The online calculation starts by reducing the cipher text by mod p. The cipher text is 32 bits long and our modulus is 16 bits long. To use the MAA to do the reduction, we shift the modulus, p, left 16 bits and multiply the cipher text by 216. That looks like 0x87CCFE27 × 0x10000 mod 0xE7470000 = 0x36B00000. Now we shift the answer right 16 bits or just grab the upper 16 bits of the word. We need this value to do the 16-bit modular exponentiation of 0x36B0^{dphip} mod p, which looks like 0x36B0^{0x4AAB} mod 0xE747 = 0x6425 = ptp.

The second modular reduction with cipher text mod q expands as 0x87CCFE27 × 0x10000 mod 0xC7A50000 = 0x543D0000. Shift the answer right 16 bits, or just grab the upper word, getting the reduction, 0x543D. Use this result and perform the modular exponentiation 0x543D^{dphiq} mod q, which looks like 0x543D^{0x9A0D} mod 0xC7A5 = 0x1671 = ptq.

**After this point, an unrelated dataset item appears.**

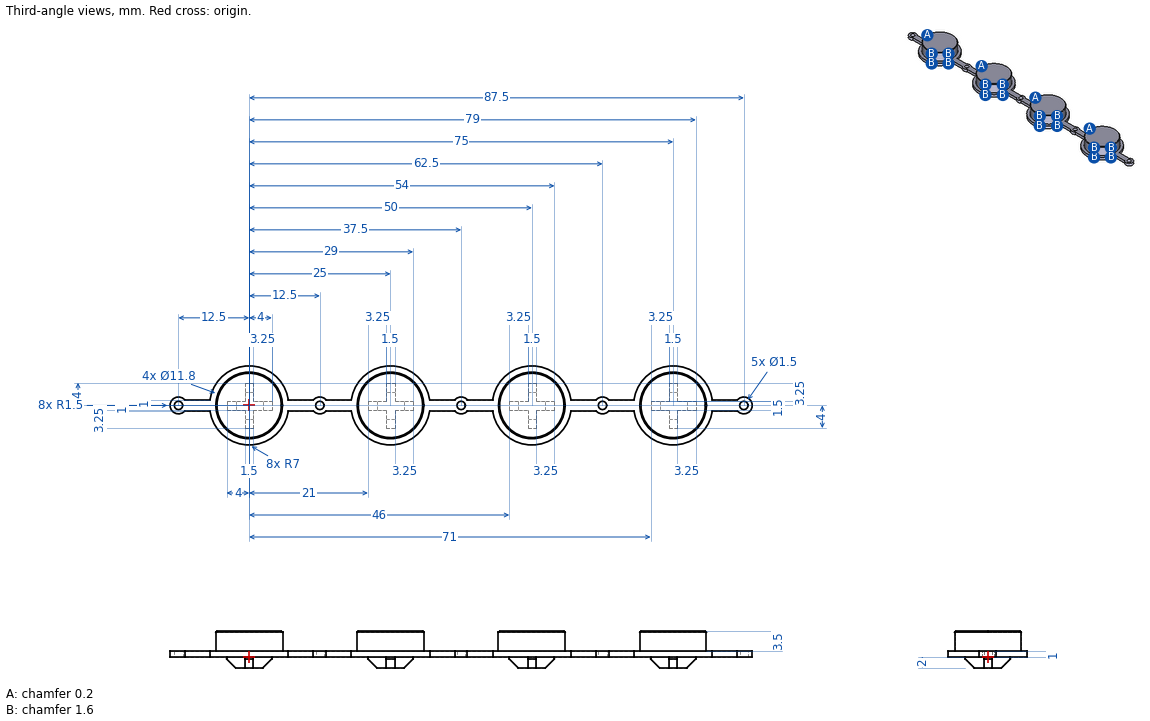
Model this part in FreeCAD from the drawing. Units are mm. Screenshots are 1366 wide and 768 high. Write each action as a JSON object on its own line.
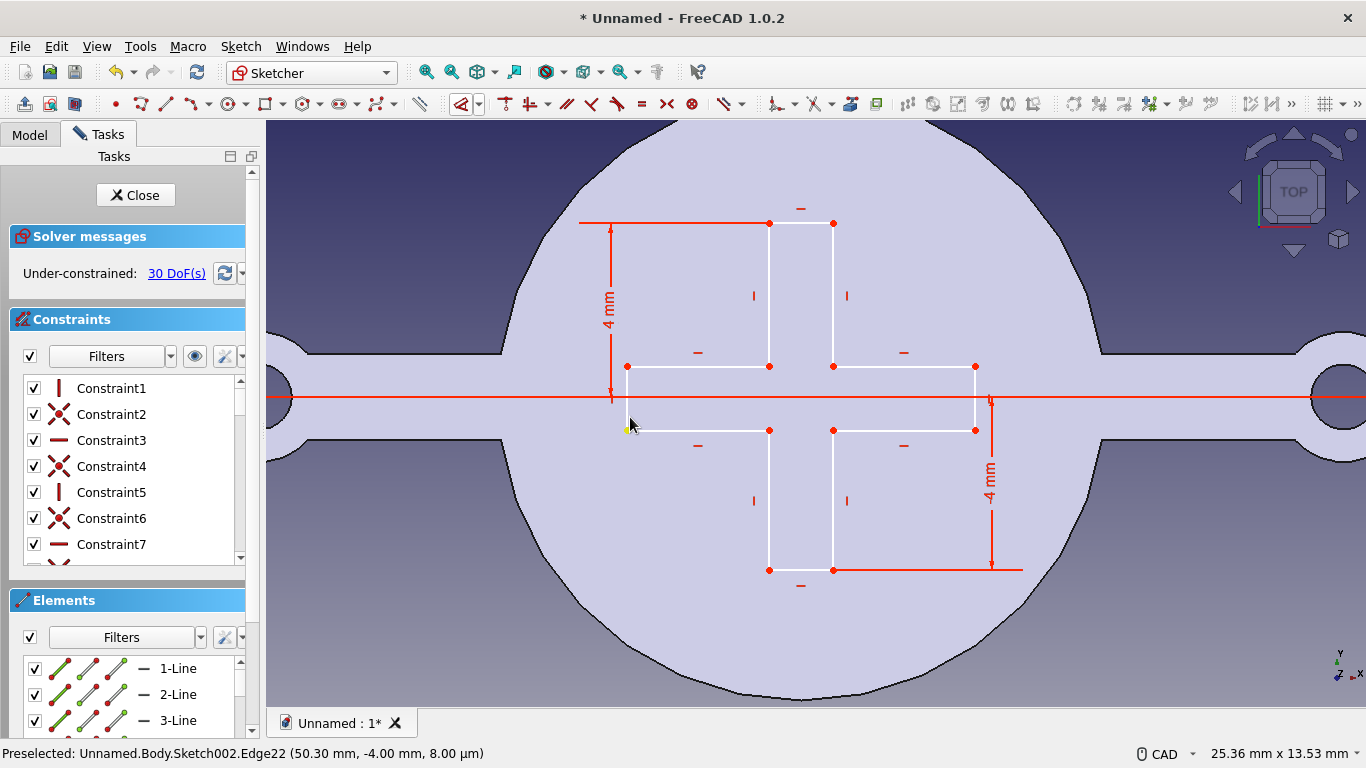
{"action": "left_click", "coordinate": [627, 411]}

If ptp is greater than ptq, we do the calculation (ptq + (ptp - ptq) × qiptq) mod n, otherwise we calculate (ptp + (ptq - ptp) × piqtp) mod n. Remember that piqtp and qiptq were precomputed and are 32 bits long.

We see that ptp is larger than ptq. The difference, ptp - ptq = 0x4DB4. The product of ((ptp - ptq) and qiptq) mod n, and (0x4DB4 × 0x16401BA8) mod 0xB45D41C3 is 0xABCDD8A1. Adding ptq, 0x1671 gives us back our plain text, 0xABCDEF12, and we are finished.